As you say, you can't use a normal approximation. In R the procedure binom.test does an exact binomial test of $H_0: p = 1/6$ against $H_a: p\ne 1/6$, as shown below. With $X = 6$ successes in $n=18$ trials, $H_0$ is not rejected at the 5% level of significance.

binom.test(6, 18, p=1/6)

        Exact binomial test

data:  6 and 18
number of successes = 6, number of trials = 18, 
 p-value = 0.1028
alternative hypothesis: 
 true probability of success is not equal to 0.1666667
95 percent confidence interval:
 0.1334274 0.5900748
sample estimates:
probability of success 
             0.3333333 

As @Henry has commented, the P-value is computed under the null distribution $\mathsf{Binom}(n=18,\, p=1/6),$ which has $1 - P(1 \le X \le 5) = 0.1028,$ to four places. (See slide 12 in your link for the method.)

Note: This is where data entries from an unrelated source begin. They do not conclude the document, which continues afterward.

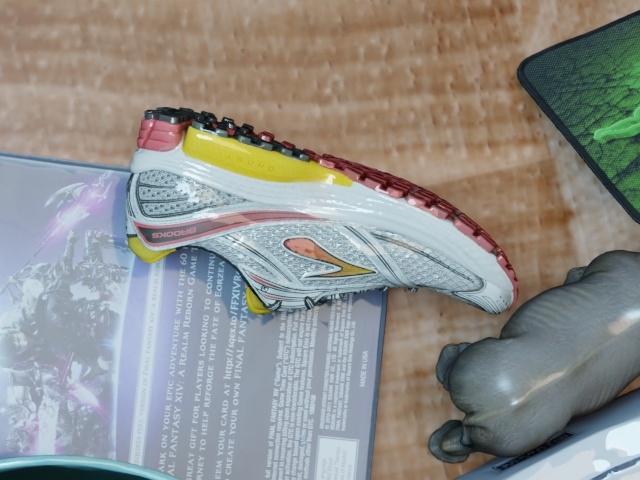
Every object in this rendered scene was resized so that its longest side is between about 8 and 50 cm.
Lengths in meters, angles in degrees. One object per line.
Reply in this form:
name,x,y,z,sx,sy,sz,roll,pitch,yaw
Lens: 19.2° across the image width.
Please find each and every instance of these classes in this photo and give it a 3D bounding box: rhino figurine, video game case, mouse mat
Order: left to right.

1-sum(dbinom(1:5, 18, 1/6))
[1] 0.1028261

The figure below shows the null distribution $\mathsf{Binom}(n=18,\, p = 1/6);$ the P-value is the total height of the heavy blue bars.

Answer 2

Let $X \sim \mathsf{Bin}(18, 1/6).$ Then $\mathbf{P}(X \geq 6) = 0.06526505$ (using $\mathtt{R}$). Under your "null hypothesis", your dice has the same distribution as $X$ and the probability of seeing $6$ or more sixes, is about $6.5\%$, which would not be inconsistent with the "null hypothesis" if you want to set the cut-off at $5\%$. Please note that it is not very sensical to exclude zero (I don't know who suggested you to do such thing). In fact, $\mathbf{P}(X = 0) = (\dfrac{5}{6})^{18} = 0.03756104$ which is pretty large.